Are you fascinated by other people’s writing habits and routines? I am. There’s a great series on Copyblogger called The Writer Files that profiles the writing lives of different business writers and authors. I hardly ever miss an installment.

I’m a sucker for the allure of the writerly way.

Though I love knowing who uses Scrivener vs. who uses a yellow legal pad and a blue felt-tip pen, I think as writers we have a penchant for getting overly caught up in the romance of the craft. We are, most of us, confessed addicts when it comes to new notebooks and writing utensils. We each of us crave a room of our own and aren’t shy about drooling (metaphorically or literally) over another writer’s creative space. We believe in the magic that comes with a lucky pencil, the inspiring scent of a particular candle, or a certain time of day. If you asked us to speak incantations over a shrine to the written word, we would hardly hesitate.

In short, we are disciples of the writing ritual. And, there’s nothing wrong with that. I love ritual as much (or more) than the next writer. Ritual is a sort of emotional preparation. Your ritual sets the stage for good, writerly things to happen. It gives you the right “feeling” and invites your muse to come out and play. On hard days, ritual can sometimes be the thing that tricks your mind into cooperating. Unfortunately, a writing ritual will not always work. By it’s nature, ritual is a bit intangible. You go through the motions – arranging things just so – but they may or may not get you to where you want to go. Ritual is, despite its best intentions, not always 100% effective.

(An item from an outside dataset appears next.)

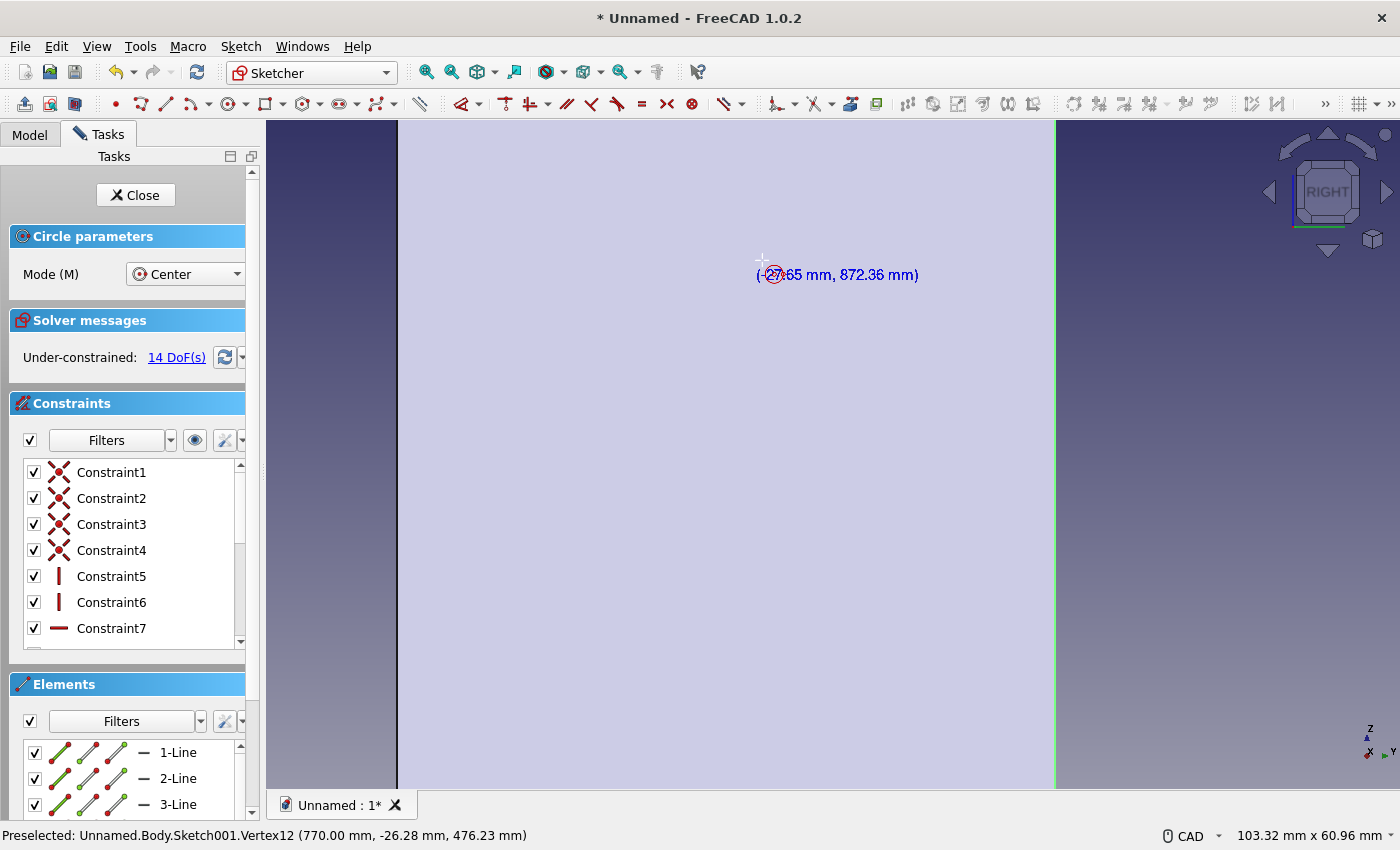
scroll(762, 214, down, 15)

Process, on the other hand, is a tool you can count on.

Where ritual taps into the “woo-woo” side of writing, process speaks to the “professionals-just-get-it-done” side . A process is predictable, repeatable, and it does not depend on the cooperation of your emotions. Ritual offers you a sense of hope by making offerings to the gods of writing along with a silent plea for literary brilliance. Process is a plan of attack. It is a tactical strategy. It’s how you can get things done … no matter what.

A process is a way to break “writing” down into a set of smaller, less daunting tasks. It sort of dissects how you get from idea to finished piece so that you can see the machinations behind the magic. It helps you to harness your creativity so that you are better able to direct it. DON’T WORRY – a process will not steal your creative soul. It will not rob your work of spontaneity. A process does not change the content or style of what you’re writing. It’s just a tool to help you write more easily and productively.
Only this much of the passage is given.